Sometimes I wonder what happened to the girl who started this blog: the enthusiastic, overachieving chick who was almost done with rotations, fired up to do two years of residency, and ready to conquer the world.
Maybe it's the stress, maybe it's the short days and cold weather, but I'm not her anymore. Residency is sucking the life out of me. I'm tired all the time, I never see my friends, my paycheck sucks, and I can't shake the feeling that this is not going to help my career. Finishing residency will gives me a piece of paper that says I'm smart... or rather, it'll give me a piece of paper that says Sacred Spleen thinks I'm smart. This isn't exactly Johns Hopkins, and from talking to my resident friends, I know other residencies are way more demanding. (And yet, I'm still worn out. Draw your own conclusions about what that says about me.)
I'm at Sacred Spleen till June 30 and the thought of looking for a job for after that has me terrified beyond measure.
I have got to get out of this funk... get back into my project, try to get some publishable data, figure out where the hell my ambition went, find the original Pharmgirl and bring her back to life.
There is no point to this post other than for me to complain. Sorry.
Monday, December 14, 2009
Saturday, December 12, 2009
Midyear Recap
I've been talking about it all year and I couldn't just let it pass without letting you know how it went.
Saturday: Hop off the plane at LAS with a poster and my cardigan.
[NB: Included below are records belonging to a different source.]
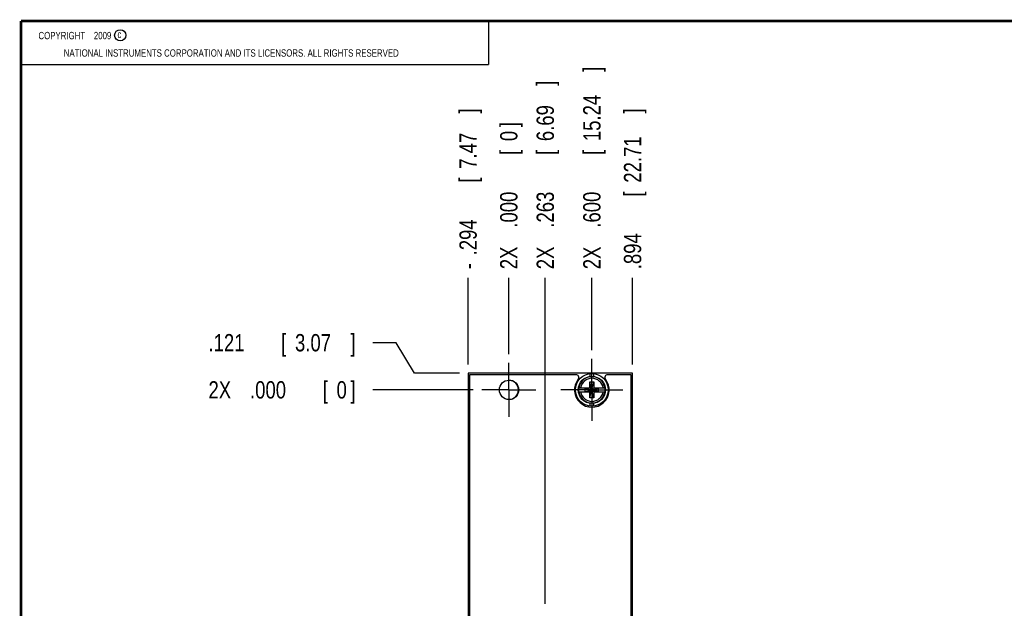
# Model space of a CAD drawing. Header units: inches. Extents: x 0.2 to 16.8, y 0.1 to 10.8.
# Tile 5 of 14: x 0.2 to 7.4, y 6.5 to 10.8. Entities that reach past the tile are written whole.
import ezdxf

# ---------------------------------------------------------------- set-up
doc = ezdxf.new("R2010")
doc.units = ezdxf.units.IN
doc.header["$LTSCALE"] = 0.935
doc.header["$MEASUREMENT"] = 0
doc.linetypes.add('CENTER', pattern=[0.6, 0.375, -0.075, 0.075, -0.075])
doc.layers.get('0').update_dxf_attribs({"linetype": 'CONTINUOUS'})
doc.layers.add('DEFAULT_1', color=7, linetype='CENTER')
doc.layers.add('DIMENSIONS', color=7, linetype='CONTINUOUS')
doc.styles.get("Standard").update_dxf_attribs({"font": 'txt', "width": 0.8})
doc.dimstyles.new('DIMSTYLE_1', dxfattribs={"dimtxt": 0.125, "dimasz": 0.18, "dimexe": 0.18, "dimexo": 0.0625, "dimgap": 0.09, "dimtad": 0, "dimtih": 1, "dimtoh": 1, "dimdec": 3, "dimzin": 4, "dimdsep": 46, "dimtxsty": 'STANDARD', "dimblk": '_FILLED', "dimblk1": '_FILLED', "dimblk2": '_FILLED', "dimcen": 0.09, "dimadec": 0, "dimazin": 0, "dimtp": 0.005, "dimtm": 0.005, "dimtfac": 1, "dimtdec": 3, "dimtofl": 0, "dimtmove": 0, "dimatfit": 3, "dimldrblk": '_FILLED', "dimfxl": 1, "dimtolj": 1, "dimtzin": 4, "dimarcsym": 0})

# ---------------------------------------------------------------- blocks, each defined once
blk = doc.blocks.new('*D0')
at = {"layer": 'DIMENSIONS', "color": 2, "linetype": 'CONTINUOUS'}
for p, q in [((2.958, 8.4358), (2.7909, 8.4358)), ((3.0918, 8.2165), (2.958, 8.4358)), ((3.4159, 8.2165), (3.0918, 8.2165))]:
    blk.add_line(p, q, dxfattribs=at)
at = {"layer": 'DIMENSIONS', "color": 2, "linetype": 'CONTINUOUS', "width": 0.8}
for s, p in [('.121', (1.6034, 8.3733)), ('[', (2.1284, 8.3733)), ('3.07', (2.2284, 8.3733)), (']', (2.6284, 8.3733))]:
    blk.add_text(s, height=0.125, dxfattribs=at).set_placement(p)
blk = doc.blocks.new('_FILLED')
at = {"color": 0, "linetype": 'BYBLOCK'}
blk.add_solid([(0, 0), (-1, 0.174), (-1, -0.174)], dxfattribs=at)
blk = doc.blocks.new('*D1')
at = {"layer": 'DIMENSIONS', "color": 2, "linetype": 'CONTINUOUS'}
blk.add_line((3.7264, 6.2396), (2.7909, 6.2396), dxfattribs=at)
at = {"layer": 'DIMENSIONS', "color": 2, "linetype": 'CONTINUOUS', "width": 0.8}
for s, p in [('1.856', (1.4034, 6.1771)), ('[', (2.0284, 6.1771)), ('47.14', (2.1284, 6.1771)), (']', (2.6284, 6.1771)), ('-', (1.3034, 6.1771))]:
    blk.add_text(s, height=0.125, dxfattribs=at).set_placement(p)
blk = doc.blocks.new('*D2')
at = {"layer": 'DIMENSIONS', "color": 2, "linetype": 'CONTINUOUS'}
blk.add_line((3.7264, 3.2396), (2.7909, 3.2396), dxfattribs=at)
at = {"layer": 'DIMENSIONS', "color": 2, "linetype": 'CONTINUOUS', "width": 0.8}
for s, p in [('4.856', (1.3034, 3.1771)), ('[', (1.9284, 3.1771)), ('123.34', (2.0284, 3.1771)), (']', (2.6284, 3.1771)), ('-', (1.2034, 3.1771))]:
    blk.add_text(s, height=0.125, dxfattribs=at).set_placement(p)
blk = doc.blocks.new('*D3')
at = {"layer": 'DIMENSIONS', "color": 2, "linetype": 'CONTINUOUS'}
blk.add_line((3.5149, 1.5245), (2.7909, 1.5245), dxfattribs=at)
at = {"layer": 'DIMENSIONS', "color": 2, "linetype": 'CONTINUOUS', "width": 0.8}
for s, p in [('2X -', (1.0034, 1.462)), ('6.571', (1.4034, 1.462)), ('[', (2.0284, 1.462)), ('166.9', (2.1284, 1.462)), (']', (2.6284, 1.462))]:
    blk.add_text(s, height=0.125, dxfattribs=at).set_placement(p)
blk = doc.blocks.new('*D4')
at = {"layer": 'DIMENSIONS', "color": 2, "linetype": 'CONTINUOUS'}
blk.add_line((3.5149, 8.0955), (2.7909, 8.0955), dxfattribs=at)
at = {"layer": 'DIMENSIONS', "color": 2, "linetype": 'CONTINUOUS', "width": 0.8}
for s, p in [('2X ', (1.6034, 8.033)), ('.000', (1.9034, 8.033)), ('[', (2.4284, 8.033)), ('0', (2.5284, 8.033)), (']', (2.6284, 8.033))]:
    blk.add_text(s, height=0.125, dxfattribs=at).set_placement(p)
blk = doc.blocks.new('*D5')
at = {"layer": 'DIMENSIONS', "color": 2, "linetype": 'CONTINUOUS'}
blk.add_line((4.3724, 8.381), (4.3724, 8.904), dxfattribs=at)
at = {"layer": 'DIMENSIONS', "color": 2, "linetype": 'CONTINUOUS', "width": 0.8}
for s, p in [(']', (4.4349, 10.3915)), ('15.24', (4.4349, 9.8915)), ('[', (4.4349, 9.7915)), ('.600', (4.4349, 9.2665)), ('2X ', (4.4349, 8.9665))]:
    blk.add_text(s, height=0.125, rotation=90, dxfattribs=at).set_placement(p)
blk = doc.blocks.new('*D6')
at = {"layer": 'DIMENSIONS', "color": 2, "linetype": 'CONTINUOUS'}
blk.add_line((3.4784, 8.279), (3.4784, 8.904), dxfattribs=at)
at = {"layer": 'DIMENSIONS', "color": 2, "linetype": 'CONTINUOUS', "width": 0.8}
for s, p in [(']', (3.5409, 10.0915)), ('7.47', (3.5409, 9.6915)), ('[', (3.5409, 9.5915)), ('.294', (3.5409, 9.0665)), ('-', (3.5409, 8.9665))]:
    blk.add_text(s, height=0.125, rotation=90, dxfattribs=at).set_placement(p)
blk = doc.blocks.new('*D7')
at = {"layer": 'DIMENSIONS', "color": 2, "linetype": 'CONTINUOUS'}
blk.add_line((4.6664, 8.279), (4.6664, 8.904), dxfattribs=at)
at = {"layer": 'DIMENSIONS', "color": 2, "linetype": 'CONTINUOUS', "width": 0.8}
for s, p in [(']', (4.7289, 10.0915)), ('22.71', (4.7289, 9.5915)), ('[', (4.7289, 9.4915)), ('.894', (4.7289, 8.9665))]:
    blk.add_text(s, height=0.125, rotation=90, dxfattribs=at).set_placement(p)
blk = doc.blocks.new('*D8')
at = {"layer": 'DIMENSIONS', "color": 2, "linetype": 'CONTINUOUS'}
blk.add_line((4.0359, 6.5491), (4.0359, 8.904), dxfattribs=at)
at = {"layer": 'DIMENSIONS', "color": 2, "linetype": 'CONTINUOUS', "width": 0.8}
for s, p in [(']', (4.0984, 10.2915)), ('6.69', (4.0984, 9.8915)), ('[', (4.0984, 9.7915)), ('.263', (4.0984, 9.2665)), ('2X ', (4.0984, 8.9665))]:
    blk.add_text(s, height=0.125, rotation=90, dxfattribs=at).set_placement(p)
blk = doc.blocks.new('*D9')
at = {"layer": 'DIMENSIONS', "color": 2, "linetype": 'CONTINUOUS'}
blk.add_line((3.7724, 8.353), (3.7724, 8.904), dxfattribs=at)
at = {"layer": 'DIMENSIONS', "color": 2, "linetype": 'CONTINUOUS', "width": 0.8}
for s, p in [(']', (3.8349, 9.9915)), ('0', (3.8349, 9.8915)), ('[', (3.8349, 9.7915)), ('.000', (3.8349, 9.2665)), ('2X ', (3.8349, 8.9665))]:
    blk.add_text(s, height=0.125, rotation=90, dxfattribs=at).set_placement(p)

msp = doc.modelspace()

# ---------------------------------------------------------------- linework, layer by layer
at = {"color": 2, "linetype": 'CONTINUOUS'}
for p, q in [((0.25, 10.7586), (3.625, 10.7586)), ((0.25, 10.7586), (0.25, 10.4456)), ((3.625, 10.7586), (3.625, 10.4456)), ((0.25, 10.4456), (3.625, 10.4456))]:
    msp.add_line(p, q, dxfattribs=at)
at = {"color": 7, "linetype": 'CONTINUOUS'}
for p, q in [((3.4784, 8.2165), (3.4784, 1.4045)), ((4.6664, 8.2165), (3.4784, 8.2165)), ((3.4884, 8.2045), (3.4884, 1.4145)), ((4.2579, 8.2045), (3.4884, 8.2045)), ((4.3574, 8.2125), (4.3574, 8.1923)), ((4.3874, 8.1923), (4.3874, 8.2125)), ((4.6564, 8.2045), (4.4869, 8.2045)), ((4.6564, 1.4145), (4.6564, 8.2045)), ((4.6664, 1.4045), (4.6664, 8.2165)), ((4.2778, 8.1093), (4.3607, 8.1093)), ((4.3239, 8.0838), (4.3239, 8.1072)), ((4.3239, 8.0838), (4.4209, 8.1072)), ((4.3607, 8.1072), (4.3239, 8.1072)), ((4.3239, 8.1072), (4.4209, 8.0838)), ((4.3586, 8.0384), (4.3862, 8.1526)), ((4.3586, 8.1093), (4.3586, 8.1526)), ((4.3862, 8.0384), (4.3586, 8.1526)), ((4.3586, 8.1526), (4.3862, 8.1526)), ((4.3607, 8.1093), (4.3607, 8.1072)), ((4.3607, 8.0838), (4.3841, 8.1072)), ((4.3841, 8.0838), (4.3607, 8.1072)), ((4.3841, 8.1093), (4.3841, 8.1072)), ((4.3841, 8.1093), (4.467, 8.1093)), ((4.4209, 8.1072), (4.3841, 8.1072)), ((4.3862, 8.1526), (4.3862, 8.1093)), ((4.4209, 8.0838), (4.4209, 8.1072)), ((4.2778, 8.0817), (4.3607, 8.0817)), ((4.3239, 8.0838), (4.3607, 8.0838)), ((4.3586, 8.0384), (4.3586, 8.0817)), ((4.3862, 8.0384), (4.3586, 8.0384)), ((4.3607, 8.0817), (4.3607, 8.0838)), ((4.3841, 8.0817), (4.3841, 8.0838)), ((4.3841, 8.0838), (4.4209, 8.0838)), ((4.3841, 8.0817), (4.467, 8.0817)), ((4.3862, 8.0817), (4.3862, 8.0384)), ((4.3574, 7.9987), (4.3574, 7.9785)), ((4.3874, 7.9785), (4.3874, 7.9987))]:
    msp.add_line(p, q, dxfattribs=at)
at = {"color": 7, "linetype": 'CONTINUOUS', "const_width": 0.02}
for points in [[(0.25, 10.7586), (0.25, 0.2586)], [(16.75, 10.7586), (0.25, 10.7586)]]:
    msp.add_lwpolyline(points, dxfattribs=at)
at = {"color": 2, "linetype": 'CONTINUOUS'}
msp.add_circle((0.9659, 10.6562), 0.0403, dxfattribs=at)
at = {"color": 7, "linetype": 'CONTINUOUS'}
for centre, radius in [((4.3724, 8.0955), 0.118), ((4.3724, 8.0955), 0.098), ((3.7744, 8.0955), 0.07)]:
    msp.add_circle(centre, radius, dxfattribs=at)
for centre, radius, start, end in [((4.2579, 8.1845), 0.02, 322.13572, 90), ((4.4869, 8.1845), 0.02, 90, 217.86428), ((3.7724, 8.0955), 0.07, 270.81964, 89.18036), ((4.3724, 8.0955), 0.125, 142.13572, 37.86428), ((4.3724, 8.0955), 0.0956, 171.71661, 188.28339), ((4.3724, 8.0955), 0.0956, 351.71661, 8.28339)]:
    msp.add_arc(centre, radius, start, end, dxfattribs=at)
at = {"color": 9, "linetype": 'CONTINUOUS'}
for radius, start, end in [(0.0947, 8.36374, 171.63626), (0.0832, 9.53359, 170.46641), (0.0947, 188.36374, 351.63626), (0.0832, 189.53359, 350.46641)]:
    msp.add_arc((4.3724, 8.0955), radius, start, end, dxfattribs=at)
at = {"layer": 'DEFAULT_1', "color": 7, "linetype": 'CENTER'}
for p, q in [((3.7724, 8.0955), (3.7724, 8.2905)), ((4.3724, 8.0955), (4.3724, 8.3185)), ((3.7724, 8.0955), (3.5774, 8.0955)), ((3.7724, 8.0955), (3.7724, 7.9005)), ((3.7724, 8.0955), (3.9674, 8.0955)), ((4.3724, 8.0955), (4.1494, 8.0955)), ((4.3724, 8.0955), (4.3724, 7.8725)), ((4.3724, 8.0955), (4.5954, 8.0955))]:
    msp.add_line(p, q, dxfattribs=at)

# ---------------------------------------------------------------- texts
at = {"color": 2, "linetype": 'CONTINUOUS', "width": 0.8}
for s, p in [('c', (0.946, 10.6363)), ('NATIONAL INSTRUMENTS CORPORATION AND ITS LICENSORS. ALL RIGHTS RESERVED', (0.5583, 10.5016))]:
    msp.add_text(s, height=0.053, dxfattribs=at).set_placement(p)
at = {"color": 2, "linetype": 'CONTINUOUS', "insert": (0.3125, 10.6805), "char_height": 0.053, "width": 0.8904, "attachment_point": 1}
msp.add_mtext('    COPYRIGHT    2009', dxfattribs=at)

# ---------------------------------------------------------------- dimensions: what is measured, and where the dimension line sits
at = {"layer": 'DIMENSIONS', "color": 2, "linetype": 'CONTINUOUS'}
for feature_location, offset, dtype, origin, text, picture, middle in [((4.3724, 8.381), (0, 0.523), 1, (3.7724, 8.2905), '2X <>', '*D5', (4.3724, 9.729)), ((4.035902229, 6.549103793), (0, 2.354899), 1, (3.772402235, 8.290502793), '2X <>', '*D8', (4.035902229, 9.679002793)), ((3.4784, 8.279), (0, 0.625), 1, (3.7724, 8.2905), '-<>', '*D6', (3.4784, 9.579)), ((3.7724022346, 8.3530027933), (0, 0.551), 1, (3.7724022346, 8.2905027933), '2X <>', '*D9', (3.7724022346, 9.5290027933)), ((3.5149022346, 8.0955027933), (-0.724, 0), 0, (3.5774022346, 8.0955027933), '2X <>', '*D4', (2.1659022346, 8.0955027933)), ((3.5149, 1.5245), (-0.724, 0), 0, (3.5774, 8.0955), '2X -<>', '*D3', (1.8659, 1.5245)), ((3.7264, 3.2396), (-0.9355, 0), 0, (3.5774, 8.0955), '-<>', '*D2', (1.9659, 3.2396)), ((3.7264, 6.2396), (-0.9355, 0), 0, (3.5774, 8.0955), '-<>', '*D1', (2.0159, 6.2396))]:
    dim = msp.add_ordinate_dim(feature_location=feature_location, offset=offset, dtype=dtype, origin=origin, text=text, dimstyle='DIMSTYLE_1', dxfattribs=at)
    dim.commit()
    dim.dimension.update_dxf_attribs({"geometry": picture, "text_midpoint": middle})
for feature_location, offset, dtype, origin, picture, middle in [((4.6664, 8.279), (0, 0.625), 1, (3.7724, 8.2905), '*D7', (4.6664, 9.579)), ((3.4159, 8.2165), (-0.625, 0.2193), 0, (3.5774, 8.0955), '*D0', (2.1659, 8.4358))]:
    dim = msp.add_ordinate_dim(feature_location=feature_location, offset=offset, dtype=dtype, origin=origin, dimstyle='DIMSTYLE_1', dxfattribs=at)
    dim.commit()
    dim.dimension.update_dxf_attribs({"geometry": picture, "text_midpoint": middle})

doc.saveas('drawing.dxf')

You can tell you're in Vegas when you see slot machines at the airport. My co-resident and I check into the hotel and we can barely contain our excitement. We are FINALLY in Vegas! We go out that night with some friends and a good time is had by all.
Sunday: We intended to get some CE in today, but we were out till 4 AM. Well, this is what I get for waking up in Vegas. (Incidentally, that song was in my head all week. If I ran into Katy Perry, I probably would have slapped her.) A networking dinner with the boss is all we can handle... but we go out again that night anyway.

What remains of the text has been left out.